Dataset records ::
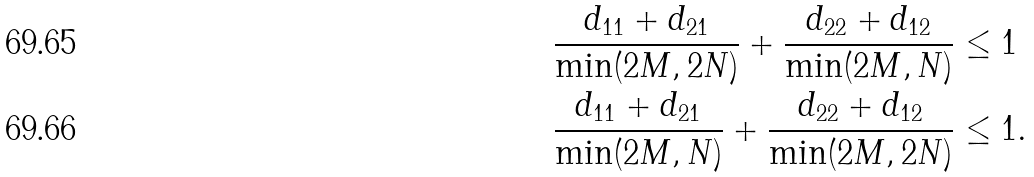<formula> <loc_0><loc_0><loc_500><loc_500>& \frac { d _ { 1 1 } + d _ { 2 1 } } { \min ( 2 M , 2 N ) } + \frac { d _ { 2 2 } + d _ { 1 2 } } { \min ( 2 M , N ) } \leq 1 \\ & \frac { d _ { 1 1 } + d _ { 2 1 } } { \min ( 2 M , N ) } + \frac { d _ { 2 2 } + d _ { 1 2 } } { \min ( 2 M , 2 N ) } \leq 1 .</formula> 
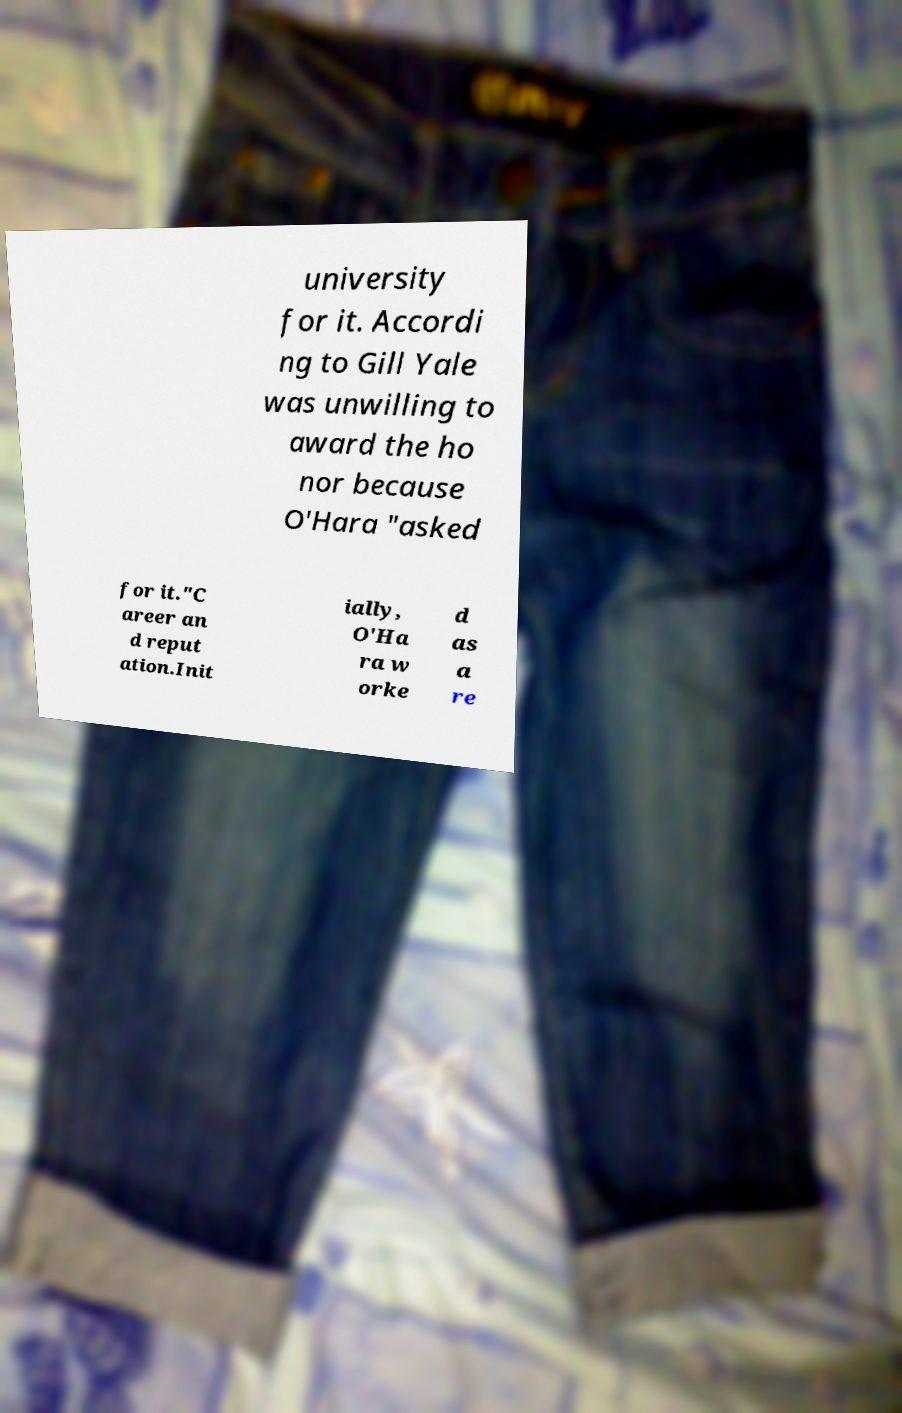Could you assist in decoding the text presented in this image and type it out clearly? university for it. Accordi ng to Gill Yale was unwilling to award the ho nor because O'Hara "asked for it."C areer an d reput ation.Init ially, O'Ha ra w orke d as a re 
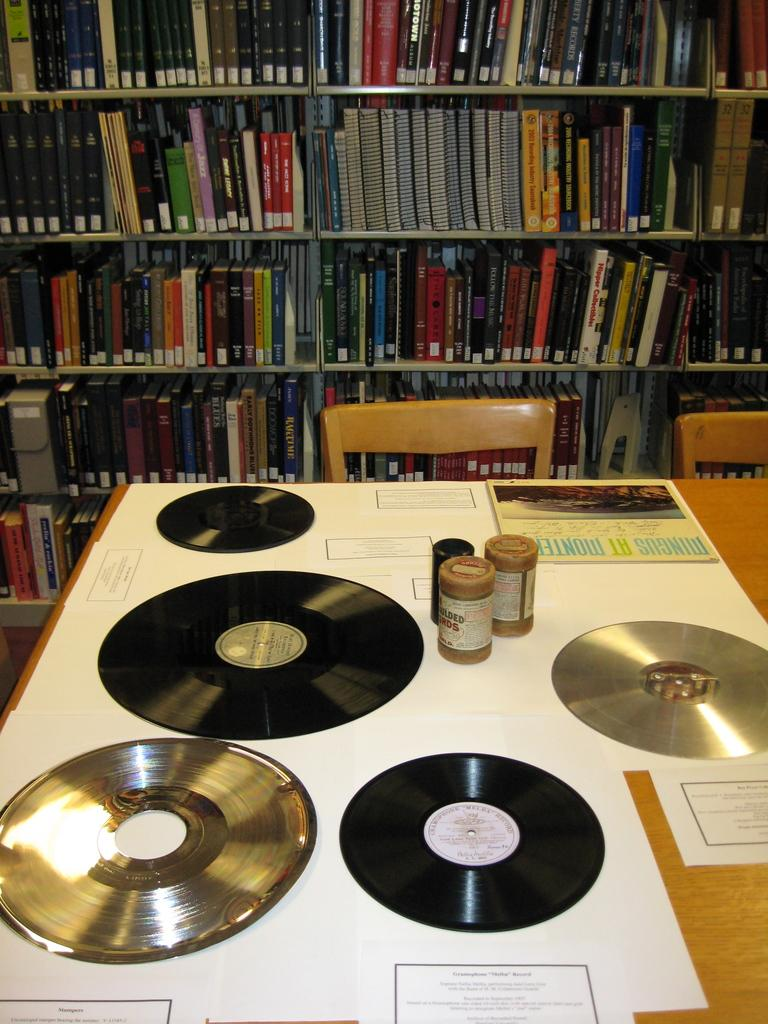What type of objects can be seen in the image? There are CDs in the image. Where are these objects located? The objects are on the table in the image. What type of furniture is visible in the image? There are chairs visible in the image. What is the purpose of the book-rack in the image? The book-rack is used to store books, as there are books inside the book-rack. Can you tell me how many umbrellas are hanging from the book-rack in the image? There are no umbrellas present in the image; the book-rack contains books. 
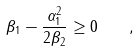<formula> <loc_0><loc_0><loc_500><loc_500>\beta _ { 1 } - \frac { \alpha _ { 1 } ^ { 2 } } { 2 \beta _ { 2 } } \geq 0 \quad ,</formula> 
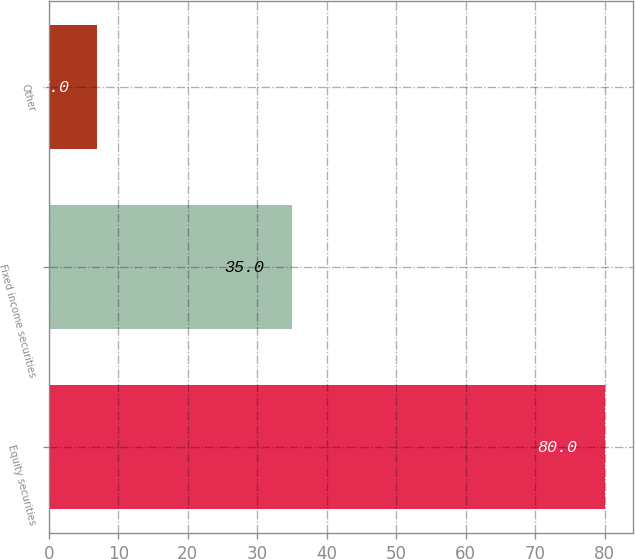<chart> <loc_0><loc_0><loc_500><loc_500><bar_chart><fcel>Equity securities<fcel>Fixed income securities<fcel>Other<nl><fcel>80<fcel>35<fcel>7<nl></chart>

Work instruction :: Give the records again exactly as they stand, so that only the pictures are missing.

Response below ::
<formula> <loc_0><loc_0><loc_500><loc_500>& \frac { d _ { 1 1 } + d _ { 2 1 } } { \min ( 2 M , 2 N ) } + \frac { d _ { 2 2 } + d _ { 1 2 } } { \min ( 2 M , N ) } \leq 1 \\ & \frac { d _ { 1 1 } + d _ { 2 1 } } { \min ( 2 M , N ) } + \frac { d _ { 2 2 } + d _ { 1 2 } } { \min ( 2 M , 2 N ) } \leq 1 .</formula> 
Could you assist in decoding the text presented in this image and type it out clearly? university for it. Accordi ng to Gill Yale was unwilling to award the ho nor because O'Hara "asked for it."C areer an d reput ation.Init ially, O'Ha ra w orke d as a re 
What type of objects can be seen in the image? There are CDs in the image. Where are these objects located? The objects are on the table in the image. What type of furniture is visible in the image? There are chairs visible in the image. What is the purpose of the book-rack in the image? The book-rack is used to store books, as there are books inside the book-rack. Can you tell me how many umbrellas are hanging from the book-rack in the image? There are no umbrellas present in the image; the book-rack contains books. 
<formula> <loc_0><loc_0><loc_500><loc_500>\beta _ { 1 } - \frac { \alpha _ { 1 } ^ { 2 } } { 2 \beta _ { 2 } } \geq 0 \quad ,</formula> 
<chart> <loc_0><loc_0><loc_500><loc_500><bar_chart><fcel>Equity securities<fcel>Fixed income securities<fcel>Other<nl><fcel>80<fcel>35<fcel>7<nl></chart>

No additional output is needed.